The damper levels influence on vehicle roll, pitch, bounce and cornering behaviour of passenger vehicles - A study in cooperation with Volvo Car Corporation

The competition within the automotive industry is increasing. It is therefore important to reduce the resources and time spent on developing new vehicles. A significant part of the development is the chassis tuning which consumes a lot of time and resources. Dampers have a key role in chassis tuning and a better understanding of how the level of damping affects the vehicle behaviour could reduce both the number of prototypes built and the time spent on chassis tuning. This thesis investigates the possibility to develop a tool which captures the vehicle behaviour accurately enough to be used for choosing damper levels in the concept phase and as an aid in the tuning of dampers. A Simulink model was developed together with a graphical user interface allowing the user to easily change the level of damping and run simulations. In order to validate the model and see how changes to the level of damping affect the vehicle behaviour, both subjective and objective tests were performed for different damper configurations. It was found that the changes in vehicle behaviour for the various damper levels had a good correlation between the simulation model and the results from the physical tests. However in absolute numbers differences were found between simulations and objective tests. In order to verify the simulation model a limited number of objective tests are required.
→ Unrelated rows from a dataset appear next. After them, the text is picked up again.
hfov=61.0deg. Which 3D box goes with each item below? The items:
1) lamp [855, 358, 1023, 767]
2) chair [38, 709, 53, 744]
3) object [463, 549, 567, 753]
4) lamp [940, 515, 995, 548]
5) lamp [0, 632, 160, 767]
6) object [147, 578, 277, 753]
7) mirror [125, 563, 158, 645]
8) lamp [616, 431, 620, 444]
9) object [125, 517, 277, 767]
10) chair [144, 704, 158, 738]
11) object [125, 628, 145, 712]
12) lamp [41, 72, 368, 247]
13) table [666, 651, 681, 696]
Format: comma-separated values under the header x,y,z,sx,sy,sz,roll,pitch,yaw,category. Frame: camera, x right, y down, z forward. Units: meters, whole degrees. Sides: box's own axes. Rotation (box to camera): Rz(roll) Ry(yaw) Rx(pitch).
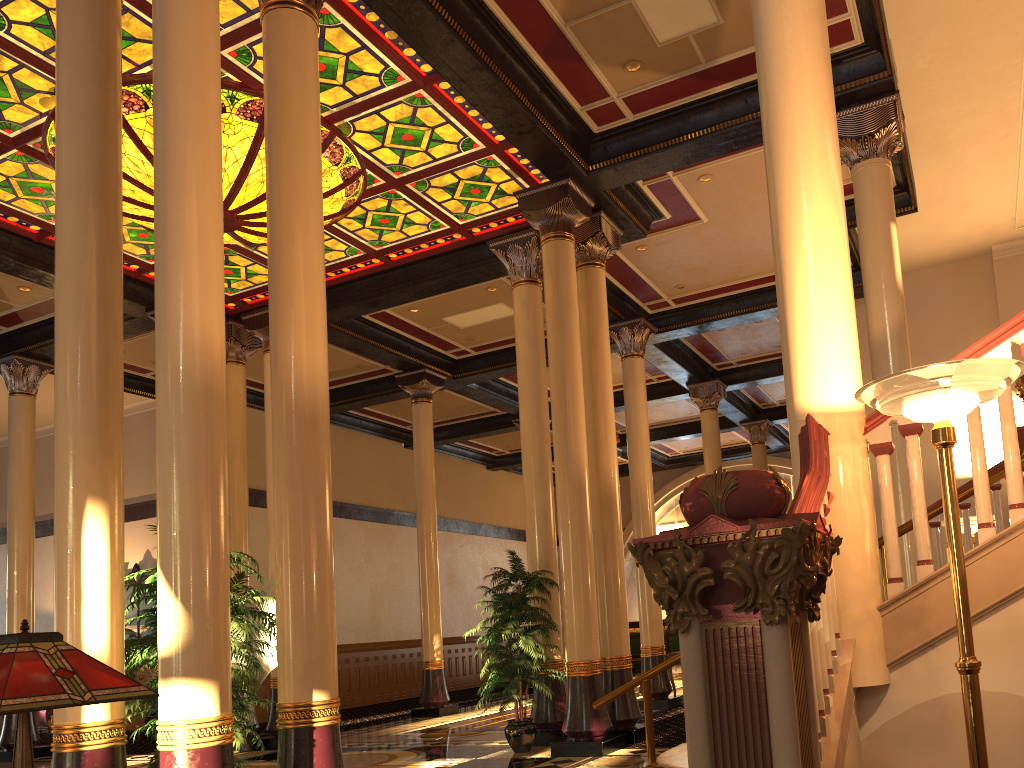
x,y,z,sx,sy,sz,roll,pitch,yaw,category
1.595,0.976,3.039,0.605,1.973,0.567,3,-10,-45,lamp
-7.895,5.821,15.315,0.714,0.902,0.631,5,-13,-43,chair
0.045,2.834,9.251,1.020,2.109,1.120,-6,-9,15,object
4.447,2.281,8.254,0.575,1.973,0.597,-5,-7,9,lamp
-0.894,0.668,1.592,0.312,0.411,0.334,-8,-11,23,lamp
-3.239,3.577,11.168,1.784,2.227,2.171,-10,-12,29,object
-7.122,4.183,16.538,1.356,1.523,0.208,-9,-8,26,mirror
1.478,0.769,16.883,1.166,1.869,1.242,-7,-10,21,lamp
-1.974,1.893,5.515,1.097,2.109,1.041,-2,-9,-15,object
-5.953,5.510,15.061,0.775,1.077,0.726,4,-12,-38,chair
-7.188,5.265,15.718,1.097,2.109,1.041,-2,-9,-15,object
-2.983,-1.913,8.756,2.934,0.589,3.148,-11,-17,23,lamp
3.243,4.570,13.723,1.083,0.756,1.715,-11,-16,26,table

The tested vehicle should also be measured properly in order to receive better input data to the simulation model.The study found that the pitch balance in the vehicle is mostly affected by the difference in compression and rebound damping between the front and rear dampers. Lower damping at low vertical wheel velocities has a negative impact on roll control. This can to a limited extent be compensated with higher roll stiffness. A good balance between the front and rear damping is also required in order to have good connection to the road and make the vehicle feel more comfortable. The subjective and objective evaluation showed that it might be the time lag between lateral acceleration and steering wheel angle is a good indication of the vehicles turn-in capabilities and that the roll angle time lag determines the response. However more objective and subjective tests are required in order to confirm this connection. A better understanding of how to define good vehicle behaviour objectively is also required if the tool should be used in the concept phase.